Introduction

User Guide

Standards

Enter Thesaurus
Alphabetical
Hierarchical

Resources

 

Jenna Johnson
IRLS 601
Spring, 2002

Thesaurus


User Guide

The Information Extraction Thesaurus may be used for the searching of relevant terms within the field of Information Extraction. It is assumed that users have prior knowledge within the fields of Computer Science or Linguistics before using this thesaurus. Many first level terms are very general within these fields and do not contain scope notes. Terms that are more specifically tailored to Information Extraction are second, third or fourth level terms and contain scope notes for proper usage. This user guide is to present the layout of the Information Extraction Thesaurus as it relates to the users, including the explanation of hierarchical structures and relationships.

Explanation of Concepts
The concepts chosen for the organization of this thesaurus are: Constraints, Elements, Measurements, Processes, Products and Tasks. These are all inserted into the hierarchy as node labels (facet indicators) but do not have term records.

Example:
<Measurement>
Algorithm
Benchmark
Evaluation

The following is an explanation of the scope of the facets:

Constraints: This category refers to that which the extraction system is tied to when performing the extraction task. Constraints include: Lexical, Pragmatic, Semantic and Syntactic.

Elements: Information Extraction uses many elements to complete the process. It is these elements that provide data and information to the final product. In this thesaurus, elements are that which can be given to the system to be processed or extracted. Elements include: Domain, Fact, Input, Named Entities, Lexicons, Scenario, Systems, Token, Query.

Measurements: The success of searches or extracting need to be measured. Information Extraction uses different types of measurements for evaluating these systems, including the Message Understanding Conferences. Other more general terms for measurement include: Algorithms, Benchmark, Effectiveness, Evaluation, Heuristics, Metrics, Patterns, Phases, Precision, Recall, Relevance and Similarity.

Processes
: This was the largest hierarchy within the thesaurus because of the active involvement different processes have on the extraction process. Extraction (the term) is included in this section but is not a parent term. It is equally significant with terms from other fields like Retrieval (from Information Retrieval) and Analysis (from Sentence Analysis). Process here refer to the computerized act of working with different elements such as: Analysis, Classification , Definition, Extraction, Filtering, Generation, Learning, Merging, Mining, Matching, Parsing, Processing, Recognition, Retrieval, Summarization, Tokenization, Training and Understanding. Most terms were compounded in this section. Those that were not can be post-coordinated with Boolean searching.

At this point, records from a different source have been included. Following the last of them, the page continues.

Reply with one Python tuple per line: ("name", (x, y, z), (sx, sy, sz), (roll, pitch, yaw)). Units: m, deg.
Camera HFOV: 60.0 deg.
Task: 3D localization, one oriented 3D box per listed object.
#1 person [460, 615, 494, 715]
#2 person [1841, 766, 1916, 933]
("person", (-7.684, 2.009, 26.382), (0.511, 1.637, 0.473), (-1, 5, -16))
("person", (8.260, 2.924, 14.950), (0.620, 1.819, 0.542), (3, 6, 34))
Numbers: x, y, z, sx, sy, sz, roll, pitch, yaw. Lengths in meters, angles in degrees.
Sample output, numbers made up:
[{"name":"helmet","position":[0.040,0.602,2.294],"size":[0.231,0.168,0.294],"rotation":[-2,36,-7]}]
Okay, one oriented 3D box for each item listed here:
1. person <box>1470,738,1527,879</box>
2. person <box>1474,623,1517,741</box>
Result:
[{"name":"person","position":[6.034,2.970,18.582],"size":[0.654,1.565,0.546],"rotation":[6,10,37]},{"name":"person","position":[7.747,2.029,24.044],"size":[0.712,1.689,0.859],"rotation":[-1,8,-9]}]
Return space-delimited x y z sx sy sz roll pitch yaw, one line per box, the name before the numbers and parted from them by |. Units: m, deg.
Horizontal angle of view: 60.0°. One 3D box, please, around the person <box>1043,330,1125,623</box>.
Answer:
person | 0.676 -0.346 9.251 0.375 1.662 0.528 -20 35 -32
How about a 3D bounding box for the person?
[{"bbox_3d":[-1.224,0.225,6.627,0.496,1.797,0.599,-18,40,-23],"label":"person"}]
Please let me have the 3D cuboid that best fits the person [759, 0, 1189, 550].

Products: Products refers to that which is produced as a result of an extraction task or process. In this case, there are 5 products which are significant to the collection and interpretation of that which is extracted: Database, Report Generators, Spreadsheets, Summarizers and Templates. These products are able to be coordinated with processes as they are a direct result of each other.

Tasks: While tasks and processes have a similar relationship, tasks in this thesaurus refers to the assignment of a computer program to perform a specific task. Two tasks are noted at this stage as having high relevance: the Extraction Task and the Search. Five very specific extraction tasks are noted here instead of under processes for their specificity to the task and performance of Information Extraction.

 

Relationships
Three kinds of major relationships were established in this thesaurus. They include the equivalence relationship, the hierarchical relationship and the associative relationship.

Equivalence Relationships (USE, UF)
Equivalence relationships are noted with USE of UF (used for) indicators. These relationships identify synonyms and are cross-referenced with each other. UF terms are italicized as non-preferred terms that should not be used as a final product. The searcher should choose the preferred term which is also the USE term.

Example:
Text Skimming
USE
Selective Content Extraction

Selective Content Extraction
UF
Text Skimming

Lexical and spelling variants are also accounted for as equivalence relationships. Several times there was a choice of British or American English spelling. To stay consistent, American English was chosen.

Example:
Tokenization
UF
Tokenisation

Tokenisation
USE
Tokenization

Hierarchical Relationships (BT, NT)
Hierarchical relationships refer to the subordinate (Narrower Term, NT) and superordinate (Broader Term, BT) relationships within the established hierarchy. These relationships can be easily identified by examining the hierarchical structure and finding more general or specific versions of a term. In this thesaurus, it is suggested that users use the most specific term as possible when referring to specific tasks within Information Extraction. Broader terms are always cross-referenced with narrower terms and narrower terms are always cross-referenced with broader terms.

Example:
Input
NT
Text

Text
BT
Input
NT
Formatted Text

Formatted Text
BT
Text
NT
Complex Formatted Text


Terms were structured beginning with the most generic or broad term as the first level hierarchy, getting more specific as levels are formed. Instance or Generic (5.3.2, NISO) were not used in this thesauri to distinguish relationships.

Associative Relationship (RT)
This field was mean to cover associative relationships (related terms, RT) between terms outside of their concept. Often the terms are semantically or conceptually related to each other and are associated by the nature of the terms and not hierarchical order. The choice was made to exclude broader terms from being associated to each other when there is a choice of a narrower term. The exception to this was when the descriptor was itself a broader term and established a fitting relationship with a correlating broader term. In this way, not all sibling terms were related to each other.

Example:
Similarity
RT
Matching rather than Pattern Matching

As is stated in NISO 5.4.2, relationships can be formed with descriptors belonging to different hierarchies, but that share the same etymological root. This was often the case when working with compound and singular terms.

Example:
Text
RT
Text Analysis
Text Generation
Text Processing

Other Record Indicators
Scope Note (SN) is used to identify a definition or scope of the term. Often times the scope notes in this thesaurus provided an explanation of the term and how it relates to Information Extraction. Other scope notes are used to identify the context of the term in relation to other terms.

Example:
Sentence Analysis
SN The processing of natural language sentences from other representations.

Non-preferred terms are listed within the hierarchy and term records in italics.

 

Example:
Information Retrieval
USE
Document Retrieval
Text Retrieval

References for scope note definitions are listed in parenthesis at the end of each scope note.

Example:
Named Entity Recognition
SN
Recognition of entity names, place names, temporal expressions, and certain types of numerical expressions (Cunningham).

Top Terms (TT) are used to indicate the node label used within the hierarchical structure. The TT indicator alerts the searcher to the fact that there are not any broader terms in this thesaurus.

Example:
Summarizers
TT
<Products>